The old-school guys (and girls!) from the golden age of programming (70s, 80s and early 90s - before Java) usually has a strong math background so they got all the fundamental principles right.

The Modularity principle (both at the level of individual abstract data types and of whole modules around them) is the most fundamental one because it not only mimics Mother Nature (multi-cellular organisms) but addresses the fact of out severe cognitive limitations and abilities to understand complex systems (the 7, plus or minus 2 chunks meme from cognitive psychology).

Packages (an archaic name for libraries) allow the definition of groups (Sets) of related functions that share a local hidden data structure (actual representation) by hiding it (literally, behind an abstraction barrier, which is an absract interface) within a module body.

A module traditionally corresponds to a single source file, plus a header or an interface file (for languages which require them). So, a single file (which should define and implement a single ADT) is a module, and a set of such files is a package.

Disentanglement, Decomposition (of the concepts of a problem), Partitioning (of concepts and corresponding Abstract Data Types) and Nesting (of code) are the main principles. Types and interfaces should be abstract (representation and implementation must be “hidden”

A module must be understood independently from other modules (at least loosely coupled to the standard library and a few modules at a lower level of abstraction - privios layer of hierarchical DSLs) and used without needing to examine its implementation.

The idea of a module as a separate unit of compilation, meaning that, at least in theory, it is self-contained, is based on the principle of reducing cognitive load by proper decomposition (or disentanglement) of a problem into sub-problems, systems into sub-systems and of everything into its basic building blocks.

Only in this way large and complex systems can be understood. /Disentanglement, decomposition and formal definition of the basic building blocks following by composing everything back into a coherent whole is the right metaphor.

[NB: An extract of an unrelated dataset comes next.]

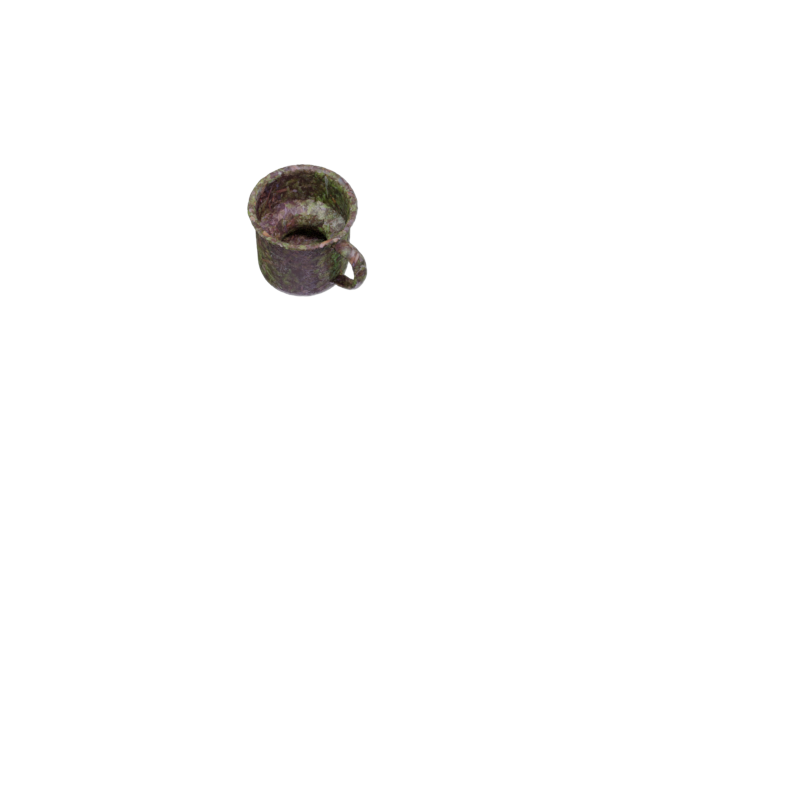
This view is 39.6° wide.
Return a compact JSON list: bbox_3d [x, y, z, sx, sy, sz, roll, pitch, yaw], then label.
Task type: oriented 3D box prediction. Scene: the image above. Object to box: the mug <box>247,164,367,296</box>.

Modules are where the actual implementations reside, being abstracted out by corresponding /interfaces (of Abstract Data Types).

Ideally, they should form well-defined layers of hierarchical abstractions, where each module interacts only (and only one) level below it (in the abstraction hierarchy). Not above. Not two levels down.

It must be possible to develop individual modules by different people (or teams) with minimal communication required - everything has to be written down and specified (interfaces, constraints, formats, protocols) and only the one layer down API (and the standard library) is required.

This is how proper DSLs should be designed and implemented. Small, specialized modules are the basic building blocks of hierarchies of pure-functional (based on high-order functions) DSLs.

Meta-level

Cognitive overload is the primary motivation for modularity.

There is a limit to how many things a person can think about at once (hence loose coupling - separation, partitioning).

One-to-one correspondence with major concepts in an expert’s language.

Modules are part of the Model, and they should reflect concepts in the domain.

It isn’t just code being divided into modules , but concepts.

Modules (interfaces, actually) are partitions for (in the universes of) concepts.

Modules and their names should reflect insights in the domain.

Refine the model (a spiral-shaped process of continuous refinement ) until it partitions according to high-level domain concepts and the corresponding code is being decoupled as well.

Principles

Everything is to be build upon Algebraic (sum and product) abstract data types.

Abstract means that one uses only constructors exported from a module pattern-matching.

Individual types corresponds to (represent) mental concepts. This is where DDD fuzzes with FP and TDD.

A module contains all the functions specifically related to the main types

It should have ML-like signature checked by the compiler, but OK. Standard ML people in 90s got it all right.

Again, the big picture is: Concepts -> Types -> Interfaces -> Modules We program with algebraic types in FP.

The Abstraction principle

Abstraction is the key to managing overwhelming complexity. • Abstraction is a tool (the only one?) that people use to understand vastly complex systems. • Abstraction allows people to know what a (sub)system does without knowing how - without memorizing all the irrelevant details.

Proper modularity is the manifestation of adequate abstraction • Proper modularity makes a program’s abstractions explicit • Proper modularity can dramatically increase clarity

The Encapsulation principle

A well-designed module encapsulates data (information hiding) • An interface should hide implementation details • A module should use its functions to encapsulate its data • A module should not allow clients to manipulate the data directly

The goal is that the representation and implementation can be changed without being noticed by the “users” of the module.

It is common in ML to have multiple implementations of the same signature which can be used interchangeably.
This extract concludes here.